A Beginners introduction to Kafka


Nowadays Kafka is the word which is used by most of the people in Message Oriented Middleware industry. I was introduced to Kafka by my colleague as it may be one of the big player amongst Message Brokers in the cloud era.

What is Kafka?

So as per Kafka's standard definition, it is an open source stream processing software by Apache Software Foundation.

If it is an another message broker, how it differs from the market leaders?

Kafka is a stream-processing software platform.

Ok. What is the meaning of stream-processing? 

Stream processing means, real-time processing of data, continuously, concurrently, and in a record-by-record fashion. Real time processing in Kafka means, it can get the data from topic (source), doing some analysis or processing the data and publish it in another topic (consumer). It is achieved using 'kafka stream', a client library which can process/analyze the data stored in Kafka.

How Kafka differs from traditional Message brokers?

Traditional message brokers handle a message in a way that it can be consumed only once. Once it is consumed, the message won't be available.

In Kafka, the messages are stored in a file system and will be available for a period of time as per the retention policy even though they are consumed already.

Then how it works on message processing?

Some important terminologies before workflow of Kafka,

Kafka cluster: Made up of multiple Kafka brokers(servers)

Topic:  A category or feed name to which the records are published.

Partition: In each topic, cluster will maintain partition log (which is a division of topic and will be same in all other servers in the cluster for same topic).

A topic may have multiple partitions and the partitions are replicated across the brokers. Each of the partition contains messages/records in immutable ordered sequence.


  1. Producer will send the message to a partition in a topic and it will be replicated across all brokers for fault tolerance. Producer can send the message to same by mentioning a key value.
  2. The broker, in which the source write a message in partition acts as leader and replicates the message to the same partitions in all other brokers. Zoo-Keeper is used to monitor the leader and elect a new leader if the leader is down.
  3. The messages are appended in the partitions in same sequence and an offset number will be created for each message.
  4. When a consumer registered to a topic, the offset number is shared to the consumer and  consumer can start consuming the new message upon arrival.
  5. Upon each and every message consumption by consumer, the offset advances linearly along the partition log and the same will be kept in zoo keeper. In-case of connection drop issues, zoo-keeper will notify consumer on the last successful offset number on re-connection.
  6. Unlike traditional brokers, the consumer can skip/rewind to desired offset and consume the messages.

So how to avoid duplication?

Using offset value, the consumer will consume the message. Consumer and Zoo-Keeper will know a consumer process current offset value. If the connection  terminates, zoo-keeper will keep track of current offset value for a consumer and it will be shared to consumer once the connection is established again.

How point-to-point and pub-sub is achieved in Kafka?

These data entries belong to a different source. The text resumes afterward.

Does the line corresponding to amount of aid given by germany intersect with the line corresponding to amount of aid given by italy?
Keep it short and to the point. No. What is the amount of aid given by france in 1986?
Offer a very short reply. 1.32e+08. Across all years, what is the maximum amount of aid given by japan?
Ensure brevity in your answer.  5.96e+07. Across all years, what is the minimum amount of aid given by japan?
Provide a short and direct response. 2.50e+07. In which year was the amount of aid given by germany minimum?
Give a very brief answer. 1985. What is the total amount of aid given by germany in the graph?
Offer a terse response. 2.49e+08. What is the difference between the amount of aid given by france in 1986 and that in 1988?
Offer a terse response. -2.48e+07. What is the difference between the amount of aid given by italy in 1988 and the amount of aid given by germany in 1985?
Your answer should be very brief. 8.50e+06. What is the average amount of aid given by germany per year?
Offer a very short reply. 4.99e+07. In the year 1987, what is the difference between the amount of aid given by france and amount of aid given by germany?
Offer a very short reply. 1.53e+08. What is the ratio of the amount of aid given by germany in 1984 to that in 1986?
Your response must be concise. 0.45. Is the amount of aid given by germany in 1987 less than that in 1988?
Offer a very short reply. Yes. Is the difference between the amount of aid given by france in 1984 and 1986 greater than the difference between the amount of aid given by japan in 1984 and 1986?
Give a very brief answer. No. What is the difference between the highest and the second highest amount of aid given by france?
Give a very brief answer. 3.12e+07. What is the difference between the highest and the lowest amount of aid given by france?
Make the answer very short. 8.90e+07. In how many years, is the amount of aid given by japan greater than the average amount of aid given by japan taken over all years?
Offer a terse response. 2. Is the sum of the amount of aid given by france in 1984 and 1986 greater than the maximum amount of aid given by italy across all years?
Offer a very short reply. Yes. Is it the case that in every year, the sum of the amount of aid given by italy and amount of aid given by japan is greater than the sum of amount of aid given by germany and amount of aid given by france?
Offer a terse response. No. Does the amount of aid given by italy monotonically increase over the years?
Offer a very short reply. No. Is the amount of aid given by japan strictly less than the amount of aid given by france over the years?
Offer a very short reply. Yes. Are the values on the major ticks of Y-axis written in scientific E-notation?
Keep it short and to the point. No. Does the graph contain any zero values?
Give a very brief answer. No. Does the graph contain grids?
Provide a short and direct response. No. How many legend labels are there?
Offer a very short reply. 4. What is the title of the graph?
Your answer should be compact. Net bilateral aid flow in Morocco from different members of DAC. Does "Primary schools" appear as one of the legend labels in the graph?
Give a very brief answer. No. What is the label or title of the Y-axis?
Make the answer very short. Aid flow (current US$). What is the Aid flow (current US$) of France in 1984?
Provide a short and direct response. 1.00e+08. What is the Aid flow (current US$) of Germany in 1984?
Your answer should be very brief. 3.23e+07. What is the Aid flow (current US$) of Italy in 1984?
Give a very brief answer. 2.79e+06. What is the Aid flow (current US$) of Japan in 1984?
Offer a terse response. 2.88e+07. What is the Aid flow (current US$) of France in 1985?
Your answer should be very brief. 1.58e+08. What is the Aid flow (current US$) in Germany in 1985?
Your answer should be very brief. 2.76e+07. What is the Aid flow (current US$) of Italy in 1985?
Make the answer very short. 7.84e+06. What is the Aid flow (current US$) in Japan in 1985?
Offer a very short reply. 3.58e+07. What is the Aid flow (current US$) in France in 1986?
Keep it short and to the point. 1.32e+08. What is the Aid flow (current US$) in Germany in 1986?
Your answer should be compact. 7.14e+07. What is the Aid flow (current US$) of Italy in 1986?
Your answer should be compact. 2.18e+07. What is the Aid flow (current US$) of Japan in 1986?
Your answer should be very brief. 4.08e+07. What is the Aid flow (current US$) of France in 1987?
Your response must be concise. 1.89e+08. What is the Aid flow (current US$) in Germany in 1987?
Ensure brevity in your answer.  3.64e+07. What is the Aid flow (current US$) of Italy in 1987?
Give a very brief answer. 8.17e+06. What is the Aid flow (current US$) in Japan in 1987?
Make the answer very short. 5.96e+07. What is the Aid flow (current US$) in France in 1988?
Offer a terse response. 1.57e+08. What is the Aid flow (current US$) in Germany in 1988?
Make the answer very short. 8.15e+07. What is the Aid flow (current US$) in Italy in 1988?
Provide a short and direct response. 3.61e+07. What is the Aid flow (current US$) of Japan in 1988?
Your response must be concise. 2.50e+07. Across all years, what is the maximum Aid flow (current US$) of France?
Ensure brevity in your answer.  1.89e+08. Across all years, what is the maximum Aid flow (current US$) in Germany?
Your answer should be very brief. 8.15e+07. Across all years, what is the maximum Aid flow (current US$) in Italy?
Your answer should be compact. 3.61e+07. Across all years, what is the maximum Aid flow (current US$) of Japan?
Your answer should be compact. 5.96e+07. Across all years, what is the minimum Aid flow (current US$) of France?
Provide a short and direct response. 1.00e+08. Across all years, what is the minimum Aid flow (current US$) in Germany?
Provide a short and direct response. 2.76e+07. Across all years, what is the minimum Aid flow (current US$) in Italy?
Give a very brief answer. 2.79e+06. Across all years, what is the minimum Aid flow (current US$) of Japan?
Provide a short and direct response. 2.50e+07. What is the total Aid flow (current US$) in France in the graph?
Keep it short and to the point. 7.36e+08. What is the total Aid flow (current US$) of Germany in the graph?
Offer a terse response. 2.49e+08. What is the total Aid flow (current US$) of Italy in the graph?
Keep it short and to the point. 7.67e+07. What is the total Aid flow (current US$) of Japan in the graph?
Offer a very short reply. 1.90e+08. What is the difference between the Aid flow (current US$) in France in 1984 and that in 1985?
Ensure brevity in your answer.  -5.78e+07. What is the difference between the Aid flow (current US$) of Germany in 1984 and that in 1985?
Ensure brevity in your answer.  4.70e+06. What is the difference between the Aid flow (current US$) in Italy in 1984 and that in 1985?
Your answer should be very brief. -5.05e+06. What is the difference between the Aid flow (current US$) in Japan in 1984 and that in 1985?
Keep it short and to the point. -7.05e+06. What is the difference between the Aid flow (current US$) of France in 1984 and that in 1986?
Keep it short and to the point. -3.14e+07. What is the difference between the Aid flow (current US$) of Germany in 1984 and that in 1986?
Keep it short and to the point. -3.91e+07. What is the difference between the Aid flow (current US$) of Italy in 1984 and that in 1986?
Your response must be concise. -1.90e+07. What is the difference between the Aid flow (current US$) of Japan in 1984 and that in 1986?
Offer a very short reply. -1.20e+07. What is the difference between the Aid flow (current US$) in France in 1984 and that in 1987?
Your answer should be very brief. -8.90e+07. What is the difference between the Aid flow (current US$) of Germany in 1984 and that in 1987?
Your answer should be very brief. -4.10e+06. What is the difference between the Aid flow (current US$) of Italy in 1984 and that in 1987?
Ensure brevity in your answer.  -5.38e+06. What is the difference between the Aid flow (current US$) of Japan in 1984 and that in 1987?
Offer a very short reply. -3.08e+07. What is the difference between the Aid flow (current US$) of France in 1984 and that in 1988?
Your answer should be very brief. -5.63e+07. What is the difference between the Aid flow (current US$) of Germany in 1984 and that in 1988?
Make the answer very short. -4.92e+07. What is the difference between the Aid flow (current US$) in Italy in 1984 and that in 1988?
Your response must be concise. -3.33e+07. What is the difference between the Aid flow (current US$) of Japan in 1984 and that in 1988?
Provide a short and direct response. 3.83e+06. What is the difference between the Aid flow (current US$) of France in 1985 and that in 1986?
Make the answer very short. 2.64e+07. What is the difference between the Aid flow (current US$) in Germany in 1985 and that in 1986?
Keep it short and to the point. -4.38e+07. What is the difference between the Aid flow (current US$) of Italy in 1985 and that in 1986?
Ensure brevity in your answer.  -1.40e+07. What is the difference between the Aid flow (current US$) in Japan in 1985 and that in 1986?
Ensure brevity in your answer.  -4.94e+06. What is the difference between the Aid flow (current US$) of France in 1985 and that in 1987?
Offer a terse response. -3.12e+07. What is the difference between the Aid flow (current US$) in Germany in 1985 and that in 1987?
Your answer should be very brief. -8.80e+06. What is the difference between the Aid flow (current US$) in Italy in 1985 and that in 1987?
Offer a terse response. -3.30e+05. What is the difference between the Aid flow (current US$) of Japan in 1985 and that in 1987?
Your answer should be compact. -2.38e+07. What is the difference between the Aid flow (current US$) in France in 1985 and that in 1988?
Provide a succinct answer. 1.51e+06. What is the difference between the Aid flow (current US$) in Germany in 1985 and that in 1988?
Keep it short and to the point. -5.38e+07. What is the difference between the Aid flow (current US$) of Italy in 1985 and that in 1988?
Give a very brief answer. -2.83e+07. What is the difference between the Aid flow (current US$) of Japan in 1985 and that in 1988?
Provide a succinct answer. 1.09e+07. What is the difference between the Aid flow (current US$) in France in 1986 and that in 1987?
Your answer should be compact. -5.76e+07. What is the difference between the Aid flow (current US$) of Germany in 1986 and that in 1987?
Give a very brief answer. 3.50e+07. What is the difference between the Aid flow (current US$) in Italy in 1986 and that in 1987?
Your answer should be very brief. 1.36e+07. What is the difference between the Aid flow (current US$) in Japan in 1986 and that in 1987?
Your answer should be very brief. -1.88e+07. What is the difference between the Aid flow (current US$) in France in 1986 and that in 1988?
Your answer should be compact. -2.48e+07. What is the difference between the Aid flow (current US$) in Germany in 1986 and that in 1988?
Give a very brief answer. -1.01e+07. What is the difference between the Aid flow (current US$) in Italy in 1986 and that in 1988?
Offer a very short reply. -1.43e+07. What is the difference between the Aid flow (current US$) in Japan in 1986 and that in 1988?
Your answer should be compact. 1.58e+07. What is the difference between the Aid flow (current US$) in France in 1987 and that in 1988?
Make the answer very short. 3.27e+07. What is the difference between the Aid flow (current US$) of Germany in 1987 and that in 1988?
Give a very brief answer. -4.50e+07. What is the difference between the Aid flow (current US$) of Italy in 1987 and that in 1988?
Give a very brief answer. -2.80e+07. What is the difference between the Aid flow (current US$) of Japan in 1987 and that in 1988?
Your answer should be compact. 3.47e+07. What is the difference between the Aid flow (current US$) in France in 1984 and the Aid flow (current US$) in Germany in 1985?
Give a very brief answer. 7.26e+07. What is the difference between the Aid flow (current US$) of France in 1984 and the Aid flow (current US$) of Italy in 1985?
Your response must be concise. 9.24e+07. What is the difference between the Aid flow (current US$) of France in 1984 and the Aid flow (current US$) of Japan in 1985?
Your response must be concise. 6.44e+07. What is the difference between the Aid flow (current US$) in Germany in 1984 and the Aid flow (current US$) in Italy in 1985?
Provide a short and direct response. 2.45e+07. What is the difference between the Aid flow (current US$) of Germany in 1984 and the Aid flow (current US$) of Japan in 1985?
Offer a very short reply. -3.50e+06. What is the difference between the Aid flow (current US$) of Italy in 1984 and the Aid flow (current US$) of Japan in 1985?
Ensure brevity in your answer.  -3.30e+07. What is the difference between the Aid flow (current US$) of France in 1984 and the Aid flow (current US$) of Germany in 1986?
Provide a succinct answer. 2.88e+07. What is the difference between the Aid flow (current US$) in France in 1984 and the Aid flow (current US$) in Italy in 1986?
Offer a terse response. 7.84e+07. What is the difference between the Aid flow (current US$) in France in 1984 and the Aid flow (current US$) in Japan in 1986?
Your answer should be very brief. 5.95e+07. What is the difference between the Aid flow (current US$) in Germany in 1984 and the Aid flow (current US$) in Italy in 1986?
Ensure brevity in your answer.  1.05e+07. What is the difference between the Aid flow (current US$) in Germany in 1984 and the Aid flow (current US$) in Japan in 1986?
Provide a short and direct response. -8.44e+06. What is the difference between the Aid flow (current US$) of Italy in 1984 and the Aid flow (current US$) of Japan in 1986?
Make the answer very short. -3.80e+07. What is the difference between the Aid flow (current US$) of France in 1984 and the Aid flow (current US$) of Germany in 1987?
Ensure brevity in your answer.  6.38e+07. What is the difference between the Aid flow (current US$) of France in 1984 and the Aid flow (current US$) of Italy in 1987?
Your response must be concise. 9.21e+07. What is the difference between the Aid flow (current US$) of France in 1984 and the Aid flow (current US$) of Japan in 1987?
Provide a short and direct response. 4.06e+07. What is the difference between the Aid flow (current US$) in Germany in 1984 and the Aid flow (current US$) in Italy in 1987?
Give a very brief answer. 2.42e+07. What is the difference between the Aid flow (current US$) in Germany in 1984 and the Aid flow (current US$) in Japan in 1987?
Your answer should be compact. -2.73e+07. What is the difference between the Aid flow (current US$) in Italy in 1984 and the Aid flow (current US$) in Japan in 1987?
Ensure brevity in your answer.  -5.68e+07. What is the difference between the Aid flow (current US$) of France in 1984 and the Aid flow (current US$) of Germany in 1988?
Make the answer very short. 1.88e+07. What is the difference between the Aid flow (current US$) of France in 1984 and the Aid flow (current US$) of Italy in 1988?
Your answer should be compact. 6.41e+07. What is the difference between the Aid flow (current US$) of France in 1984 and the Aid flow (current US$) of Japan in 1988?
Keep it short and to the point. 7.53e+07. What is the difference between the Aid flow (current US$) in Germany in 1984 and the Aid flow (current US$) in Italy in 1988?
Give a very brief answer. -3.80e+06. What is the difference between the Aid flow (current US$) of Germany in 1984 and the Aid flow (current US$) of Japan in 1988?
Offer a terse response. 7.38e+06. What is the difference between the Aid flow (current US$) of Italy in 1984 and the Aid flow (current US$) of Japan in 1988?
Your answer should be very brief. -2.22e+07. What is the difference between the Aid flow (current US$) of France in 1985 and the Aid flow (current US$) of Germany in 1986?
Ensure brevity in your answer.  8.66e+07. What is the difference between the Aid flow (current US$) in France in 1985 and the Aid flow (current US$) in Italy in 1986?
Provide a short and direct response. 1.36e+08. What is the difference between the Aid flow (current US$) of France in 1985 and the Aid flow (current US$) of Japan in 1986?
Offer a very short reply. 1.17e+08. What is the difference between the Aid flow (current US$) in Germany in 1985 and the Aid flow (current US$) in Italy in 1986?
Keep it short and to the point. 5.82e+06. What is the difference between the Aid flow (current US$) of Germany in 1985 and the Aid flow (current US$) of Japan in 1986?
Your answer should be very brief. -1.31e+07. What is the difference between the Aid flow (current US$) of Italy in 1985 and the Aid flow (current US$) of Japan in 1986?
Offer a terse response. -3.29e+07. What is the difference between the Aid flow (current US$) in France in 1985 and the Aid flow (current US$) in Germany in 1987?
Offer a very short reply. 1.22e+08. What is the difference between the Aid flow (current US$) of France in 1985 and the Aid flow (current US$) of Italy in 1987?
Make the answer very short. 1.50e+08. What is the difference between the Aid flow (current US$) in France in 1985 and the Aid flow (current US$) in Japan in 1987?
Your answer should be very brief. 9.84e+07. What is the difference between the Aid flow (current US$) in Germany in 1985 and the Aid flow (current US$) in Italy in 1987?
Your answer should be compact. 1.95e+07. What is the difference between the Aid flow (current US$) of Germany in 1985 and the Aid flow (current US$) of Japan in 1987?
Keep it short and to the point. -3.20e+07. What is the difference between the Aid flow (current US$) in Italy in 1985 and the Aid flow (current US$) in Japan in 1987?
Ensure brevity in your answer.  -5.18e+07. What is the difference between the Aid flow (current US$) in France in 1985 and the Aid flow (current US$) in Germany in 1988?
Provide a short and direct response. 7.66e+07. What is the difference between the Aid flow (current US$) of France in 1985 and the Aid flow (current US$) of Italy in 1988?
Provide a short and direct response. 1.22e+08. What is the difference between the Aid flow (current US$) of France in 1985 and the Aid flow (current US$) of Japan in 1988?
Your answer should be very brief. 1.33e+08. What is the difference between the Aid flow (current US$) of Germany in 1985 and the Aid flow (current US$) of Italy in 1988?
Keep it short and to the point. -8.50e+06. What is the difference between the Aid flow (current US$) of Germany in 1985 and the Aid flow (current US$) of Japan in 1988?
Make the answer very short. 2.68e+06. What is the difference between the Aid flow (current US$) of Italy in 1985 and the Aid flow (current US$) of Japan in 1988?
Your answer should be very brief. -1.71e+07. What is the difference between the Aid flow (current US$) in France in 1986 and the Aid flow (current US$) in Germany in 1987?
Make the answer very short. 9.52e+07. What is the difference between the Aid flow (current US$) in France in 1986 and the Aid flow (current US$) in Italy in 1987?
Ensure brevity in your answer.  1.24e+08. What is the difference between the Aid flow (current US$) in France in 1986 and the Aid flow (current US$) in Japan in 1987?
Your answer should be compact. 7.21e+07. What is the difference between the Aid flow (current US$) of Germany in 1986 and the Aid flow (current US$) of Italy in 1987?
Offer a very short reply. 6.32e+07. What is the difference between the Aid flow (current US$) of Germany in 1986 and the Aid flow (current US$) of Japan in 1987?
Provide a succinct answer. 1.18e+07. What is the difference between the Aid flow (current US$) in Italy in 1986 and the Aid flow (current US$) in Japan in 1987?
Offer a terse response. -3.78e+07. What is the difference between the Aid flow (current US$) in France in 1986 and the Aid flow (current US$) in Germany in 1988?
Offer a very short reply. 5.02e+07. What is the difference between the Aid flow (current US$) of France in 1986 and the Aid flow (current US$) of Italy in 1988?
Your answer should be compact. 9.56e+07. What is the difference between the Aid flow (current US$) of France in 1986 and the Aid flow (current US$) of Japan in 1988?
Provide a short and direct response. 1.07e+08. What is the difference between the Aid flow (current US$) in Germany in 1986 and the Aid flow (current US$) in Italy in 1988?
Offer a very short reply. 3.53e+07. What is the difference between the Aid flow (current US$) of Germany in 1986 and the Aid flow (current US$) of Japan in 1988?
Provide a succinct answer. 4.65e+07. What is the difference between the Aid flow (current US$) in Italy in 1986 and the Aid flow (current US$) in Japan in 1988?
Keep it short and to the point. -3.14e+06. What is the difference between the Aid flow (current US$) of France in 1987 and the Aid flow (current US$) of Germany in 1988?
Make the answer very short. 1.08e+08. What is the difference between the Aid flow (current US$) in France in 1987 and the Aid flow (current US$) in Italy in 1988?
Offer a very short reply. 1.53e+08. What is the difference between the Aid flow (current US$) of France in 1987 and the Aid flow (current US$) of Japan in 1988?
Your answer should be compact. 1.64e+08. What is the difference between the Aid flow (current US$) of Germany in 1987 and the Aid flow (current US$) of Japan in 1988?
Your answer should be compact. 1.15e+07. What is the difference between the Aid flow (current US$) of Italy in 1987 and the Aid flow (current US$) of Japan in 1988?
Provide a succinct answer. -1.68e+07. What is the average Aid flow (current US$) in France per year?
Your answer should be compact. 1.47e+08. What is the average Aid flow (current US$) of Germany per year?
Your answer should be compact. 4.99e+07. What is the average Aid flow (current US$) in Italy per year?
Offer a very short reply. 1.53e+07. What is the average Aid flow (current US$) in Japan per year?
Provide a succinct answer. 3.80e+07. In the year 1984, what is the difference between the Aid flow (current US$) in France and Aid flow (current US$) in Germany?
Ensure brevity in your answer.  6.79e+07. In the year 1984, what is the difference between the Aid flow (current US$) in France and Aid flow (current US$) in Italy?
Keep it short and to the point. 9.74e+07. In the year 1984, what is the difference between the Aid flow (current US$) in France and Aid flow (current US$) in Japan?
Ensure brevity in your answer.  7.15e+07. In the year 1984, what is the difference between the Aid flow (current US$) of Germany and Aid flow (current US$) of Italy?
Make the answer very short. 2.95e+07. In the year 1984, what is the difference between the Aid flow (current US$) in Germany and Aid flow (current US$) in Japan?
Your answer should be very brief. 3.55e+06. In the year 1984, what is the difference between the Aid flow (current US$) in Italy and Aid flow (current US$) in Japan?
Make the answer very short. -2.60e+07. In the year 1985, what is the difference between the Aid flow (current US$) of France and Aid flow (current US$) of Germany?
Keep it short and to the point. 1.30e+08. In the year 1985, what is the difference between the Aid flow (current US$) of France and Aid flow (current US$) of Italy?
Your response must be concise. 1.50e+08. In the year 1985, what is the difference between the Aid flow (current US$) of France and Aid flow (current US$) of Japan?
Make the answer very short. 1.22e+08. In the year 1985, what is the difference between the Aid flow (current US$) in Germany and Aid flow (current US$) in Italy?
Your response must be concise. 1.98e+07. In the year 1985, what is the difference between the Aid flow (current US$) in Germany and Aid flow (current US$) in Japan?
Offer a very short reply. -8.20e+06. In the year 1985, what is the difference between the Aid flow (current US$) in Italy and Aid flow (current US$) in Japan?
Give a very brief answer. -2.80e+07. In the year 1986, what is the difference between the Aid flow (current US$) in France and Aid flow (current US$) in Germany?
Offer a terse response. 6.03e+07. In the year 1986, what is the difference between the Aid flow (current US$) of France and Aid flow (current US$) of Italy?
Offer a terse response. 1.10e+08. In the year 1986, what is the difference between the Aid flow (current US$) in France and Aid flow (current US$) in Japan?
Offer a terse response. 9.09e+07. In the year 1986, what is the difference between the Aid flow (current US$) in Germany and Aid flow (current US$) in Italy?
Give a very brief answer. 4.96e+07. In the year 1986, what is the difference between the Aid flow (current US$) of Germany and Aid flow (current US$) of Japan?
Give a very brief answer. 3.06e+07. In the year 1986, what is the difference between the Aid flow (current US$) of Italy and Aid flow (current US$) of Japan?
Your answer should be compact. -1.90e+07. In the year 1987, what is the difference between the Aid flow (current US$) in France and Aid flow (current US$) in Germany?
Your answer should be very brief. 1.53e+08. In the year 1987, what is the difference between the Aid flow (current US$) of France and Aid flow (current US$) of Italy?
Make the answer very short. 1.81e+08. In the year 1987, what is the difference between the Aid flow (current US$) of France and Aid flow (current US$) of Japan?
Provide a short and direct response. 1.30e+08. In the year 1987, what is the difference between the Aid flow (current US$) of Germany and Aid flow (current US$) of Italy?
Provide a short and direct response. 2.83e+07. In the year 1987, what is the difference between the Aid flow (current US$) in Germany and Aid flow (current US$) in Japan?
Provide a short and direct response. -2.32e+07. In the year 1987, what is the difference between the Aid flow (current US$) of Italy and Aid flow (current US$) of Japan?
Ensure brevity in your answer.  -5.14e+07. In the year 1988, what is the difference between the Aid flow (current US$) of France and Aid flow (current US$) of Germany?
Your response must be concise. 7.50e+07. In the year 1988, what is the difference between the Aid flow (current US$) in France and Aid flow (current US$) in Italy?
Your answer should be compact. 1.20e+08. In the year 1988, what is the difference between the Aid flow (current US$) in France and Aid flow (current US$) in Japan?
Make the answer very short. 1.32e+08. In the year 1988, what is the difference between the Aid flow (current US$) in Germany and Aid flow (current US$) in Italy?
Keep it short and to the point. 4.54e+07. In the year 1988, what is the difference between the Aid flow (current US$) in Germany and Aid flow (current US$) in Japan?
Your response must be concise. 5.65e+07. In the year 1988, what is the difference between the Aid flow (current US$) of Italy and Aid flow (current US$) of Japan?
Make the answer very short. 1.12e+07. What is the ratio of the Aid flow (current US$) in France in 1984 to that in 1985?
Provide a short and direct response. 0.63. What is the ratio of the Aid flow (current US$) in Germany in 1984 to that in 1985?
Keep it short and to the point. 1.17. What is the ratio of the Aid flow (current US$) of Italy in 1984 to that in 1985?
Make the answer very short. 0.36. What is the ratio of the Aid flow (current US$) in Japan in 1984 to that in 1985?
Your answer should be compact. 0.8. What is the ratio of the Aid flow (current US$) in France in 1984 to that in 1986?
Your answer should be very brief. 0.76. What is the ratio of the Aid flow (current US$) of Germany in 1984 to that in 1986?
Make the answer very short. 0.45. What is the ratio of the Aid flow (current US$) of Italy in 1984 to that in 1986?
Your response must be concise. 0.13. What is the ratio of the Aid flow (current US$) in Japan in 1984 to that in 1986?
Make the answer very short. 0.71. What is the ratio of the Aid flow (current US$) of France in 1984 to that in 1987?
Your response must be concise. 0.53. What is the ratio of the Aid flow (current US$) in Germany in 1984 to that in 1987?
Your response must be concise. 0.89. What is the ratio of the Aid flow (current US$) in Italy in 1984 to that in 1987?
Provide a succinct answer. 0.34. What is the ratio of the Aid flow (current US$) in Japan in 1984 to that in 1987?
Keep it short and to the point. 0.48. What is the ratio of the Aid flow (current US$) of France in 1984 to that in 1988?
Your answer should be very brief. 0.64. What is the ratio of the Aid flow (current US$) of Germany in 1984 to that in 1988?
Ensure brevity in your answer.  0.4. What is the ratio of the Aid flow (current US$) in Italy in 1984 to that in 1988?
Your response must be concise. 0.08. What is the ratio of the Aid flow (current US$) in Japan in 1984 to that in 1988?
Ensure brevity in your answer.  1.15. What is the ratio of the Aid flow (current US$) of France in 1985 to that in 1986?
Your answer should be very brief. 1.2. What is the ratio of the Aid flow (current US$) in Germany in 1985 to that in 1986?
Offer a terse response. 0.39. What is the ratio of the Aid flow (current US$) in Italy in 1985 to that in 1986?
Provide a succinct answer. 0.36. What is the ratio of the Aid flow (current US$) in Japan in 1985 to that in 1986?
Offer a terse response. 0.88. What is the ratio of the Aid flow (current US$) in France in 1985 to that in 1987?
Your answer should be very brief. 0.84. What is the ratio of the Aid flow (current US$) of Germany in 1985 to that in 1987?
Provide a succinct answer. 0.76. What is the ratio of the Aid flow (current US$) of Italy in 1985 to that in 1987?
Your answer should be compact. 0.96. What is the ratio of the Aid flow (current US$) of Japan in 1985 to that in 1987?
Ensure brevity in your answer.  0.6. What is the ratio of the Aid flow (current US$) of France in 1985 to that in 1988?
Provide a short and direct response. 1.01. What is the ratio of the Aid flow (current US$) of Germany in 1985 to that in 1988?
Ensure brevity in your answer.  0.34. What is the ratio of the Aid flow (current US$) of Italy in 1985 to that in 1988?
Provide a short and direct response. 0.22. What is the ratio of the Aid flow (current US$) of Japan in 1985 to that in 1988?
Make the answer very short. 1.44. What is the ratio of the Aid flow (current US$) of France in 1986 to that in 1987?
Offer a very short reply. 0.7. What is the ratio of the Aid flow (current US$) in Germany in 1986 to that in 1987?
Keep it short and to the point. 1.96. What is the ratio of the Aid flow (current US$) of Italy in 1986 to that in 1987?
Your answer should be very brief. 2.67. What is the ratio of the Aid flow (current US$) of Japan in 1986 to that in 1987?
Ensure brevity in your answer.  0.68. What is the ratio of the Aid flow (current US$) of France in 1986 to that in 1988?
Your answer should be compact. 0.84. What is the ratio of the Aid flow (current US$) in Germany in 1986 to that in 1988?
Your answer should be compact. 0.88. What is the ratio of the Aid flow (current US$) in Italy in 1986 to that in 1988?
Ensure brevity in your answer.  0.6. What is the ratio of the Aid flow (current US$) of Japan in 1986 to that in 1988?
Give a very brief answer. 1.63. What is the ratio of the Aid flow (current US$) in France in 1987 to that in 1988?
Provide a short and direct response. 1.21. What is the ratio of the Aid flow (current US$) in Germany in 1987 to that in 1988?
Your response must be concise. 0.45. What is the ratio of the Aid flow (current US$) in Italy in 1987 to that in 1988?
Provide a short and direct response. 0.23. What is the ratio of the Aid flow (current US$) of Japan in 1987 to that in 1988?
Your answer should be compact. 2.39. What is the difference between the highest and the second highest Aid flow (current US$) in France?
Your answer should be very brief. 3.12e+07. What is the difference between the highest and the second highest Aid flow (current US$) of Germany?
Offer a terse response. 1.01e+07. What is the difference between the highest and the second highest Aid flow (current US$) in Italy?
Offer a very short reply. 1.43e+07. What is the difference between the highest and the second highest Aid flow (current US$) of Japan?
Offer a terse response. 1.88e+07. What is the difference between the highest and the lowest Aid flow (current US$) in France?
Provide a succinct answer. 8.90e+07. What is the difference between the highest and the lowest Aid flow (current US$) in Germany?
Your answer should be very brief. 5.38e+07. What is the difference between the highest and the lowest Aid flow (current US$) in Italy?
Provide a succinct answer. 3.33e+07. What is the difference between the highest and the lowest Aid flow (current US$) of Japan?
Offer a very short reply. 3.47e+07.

The consumers register themselves in a group called consumer group and consumer group subscribe to a topic. When a message published to a topic, it is delivered to one consumer in a consumer group.

At any point of time, the total number of consumers in a consumer group should not exceed the total number of partitions, else some consumers in that group may remain idle until existing consumer dies.

If there is a Kafka cluster contains two brokers, each one of them has two partitions and one consumer group with two consumers then all the consumers in that group will have two connections from the partitions.

If there is a consumer group with four consumers then each one will have one connection. If any new consumer added, it has to wait for some other consumer in the same group to exit.


The consumer group allows you to divide up processing over a collection of processes (the members of the consumer group).


Kafka allows you to broadcast messages to multiple consumer groups.

Means with single existing architecture, it can support both of them. It is achieved by dividing up the processes within a consumer group (point-to-point), in the same time broadcasting the same records to multiple consumer groups from a broker(pub-sub).

As a beginner, I wanted to share some questions which I searched about Kafka initially and hope to write another story with some deep learning in Kafka.